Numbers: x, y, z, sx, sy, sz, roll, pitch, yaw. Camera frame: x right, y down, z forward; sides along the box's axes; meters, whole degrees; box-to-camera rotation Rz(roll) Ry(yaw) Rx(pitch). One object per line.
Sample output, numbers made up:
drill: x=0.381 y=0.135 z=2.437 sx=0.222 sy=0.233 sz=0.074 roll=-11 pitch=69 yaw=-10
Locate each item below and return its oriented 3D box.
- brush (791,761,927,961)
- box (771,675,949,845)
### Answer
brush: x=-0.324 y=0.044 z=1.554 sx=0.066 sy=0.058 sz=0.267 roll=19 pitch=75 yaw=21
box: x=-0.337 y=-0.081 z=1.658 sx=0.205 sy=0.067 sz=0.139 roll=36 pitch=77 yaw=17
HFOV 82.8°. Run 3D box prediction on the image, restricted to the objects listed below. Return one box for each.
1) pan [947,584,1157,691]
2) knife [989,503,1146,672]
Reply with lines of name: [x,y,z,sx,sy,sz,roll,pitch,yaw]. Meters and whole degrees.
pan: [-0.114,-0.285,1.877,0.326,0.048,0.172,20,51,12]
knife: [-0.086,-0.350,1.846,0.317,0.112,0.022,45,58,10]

::::::::::

WORK REQUEST:
Copy out the whole listing above, leaving each line exactly as it stands.

RESPONSE TO THIS EXERCISE:
Numbers: x, y, z, sx, sy, sz, roll, pitch, yaw. Camera frame: x right, y down, z forward; sides along the box's axes; meters, whole degrees; box-to-camera rotation Rz(roll) Ry(yaw) Rx(pitch). One object per line.
Sample output, numbers made up:
drill: x=0.381 y=0.135 z=2.437 sx=0.222 sy=0.233 sz=0.074 roll=-11 pitch=69 yaw=-10
Locate each item below and return its oriented 3D box.
- brush (791,761,927,961)
- box (771,675,949,845)
### Answer
brush: x=-0.324 y=0.044 z=1.554 sx=0.066 sy=0.058 sz=0.267 roll=19 pitch=75 yaw=21
box: x=-0.337 y=-0.081 z=1.658 sx=0.205 sy=0.067 sz=0.139 roll=36 pitch=77 yaw=17
HFOV 82.8°. Run 3D box prediction on the image, restricted to the objects listed below. Return one box for each.
1) pan [947,584,1157,691]
2) knife [989,503,1146,672]
Reply with lines of name: [x,y,z,sx,sy,sz,roll,pitch,yaw]. Meters and whole degrees.
pan: [-0.114,-0.285,1.877,0.326,0.048,0.172,20,51,12]
knife: [-0.086,-0.350,1.846,0.317,0.112,0.022,45,58,10]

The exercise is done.